Susi sits cross-legged in the living room of her parents’ ranch house watching American Bandstand on the small black and white television set. She keeps the volume low. Turn that damn thing down, her father only had to yell once. Her mother had come scurrying out of the kitchen and given Susi a sharp look.

Most fathers leave for work every morning. Not Susi’s. He sells life insurance from home. Her mother helps with the business and does her housewife chores, leaving Susi to watch TV. The only laughter she hears at home comes from that small box.

Thirteen years old, Susi is on the verge of blossoming into a young woman. Her figure is no longer toothpick straight, but curvy, and her blonde hair is as golden as the Phoenix sun.

As hard as Susi tries, she can’t make herself invisible; her father always finds her. Her father strokes her hair, gently tucks a loose strand behind her ear, and takes her by the hand. As if on cue, her mother starts singing, loudly, like she’s the opening act at a nightclub and Susi is the main attraction. Afterwards, Susi’s told to go outside and play. But she doesn’t want to play with anyone, and besides, she has no friends. She would never invite anyone to her house. Bad enough he did it to her.

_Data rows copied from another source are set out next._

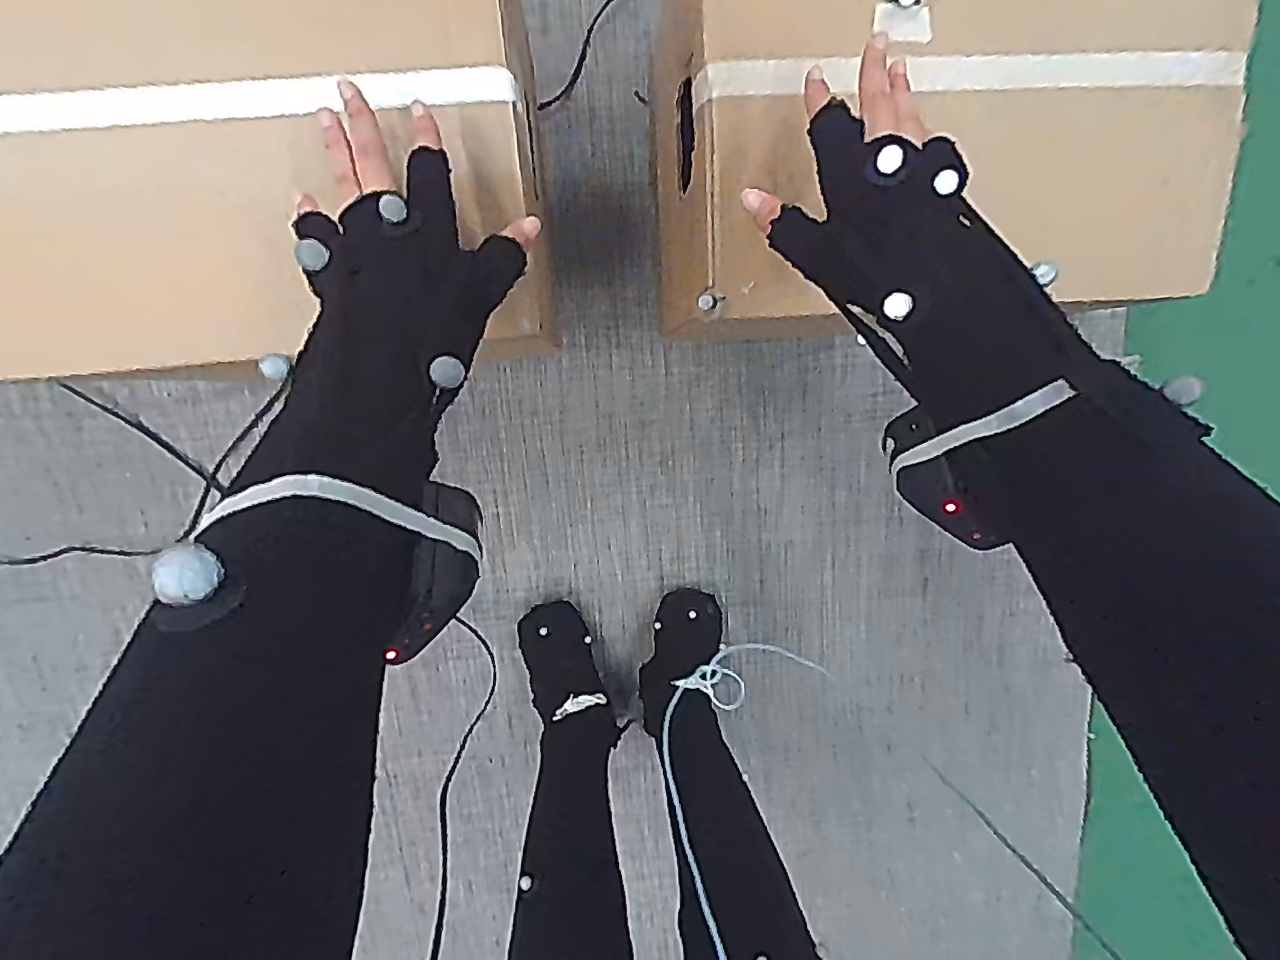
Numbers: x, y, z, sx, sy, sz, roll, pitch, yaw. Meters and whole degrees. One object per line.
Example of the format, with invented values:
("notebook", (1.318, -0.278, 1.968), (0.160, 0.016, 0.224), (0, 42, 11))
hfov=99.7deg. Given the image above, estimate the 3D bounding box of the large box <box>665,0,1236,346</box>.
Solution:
("large box", (0.246, -0.309, 0.559), (0.408, 0.320, 0.320), (-3, 101, -4))

Like her parents, Susi has her own secrets. She leaves her body. When her father creeps into her bedroom in the middle of the night, she goes up and out and floats around the room. He’s doing it to someone else, not her. She likes the feeling of flying, of being free to visit other worlds. At first she thought the walls were impenetrable, but one night as she skimmed the popcorn ceiling she slipped through and soared into the star-filled sky, her form translucent, glowing like a faint lightbulb.

Afterwards, Susi escapes into the Land of Morpheus. In her dream, Susi walks into a river at dawn, naked, and facing each direction in turn, dips under the water and resurfaces. Speaking in another language, she chants a prayer and makes small, slow circles with her hands. Susi closes her eyes, feels the warmth of the sun, the rhythm of the river, the earth, solid below the water. When she opens her eyes, she’s momentarily blinded before a golden eagle circling above comes into focus. Peace and harmony flood her. Then Susi wakes and the feeling rushes away.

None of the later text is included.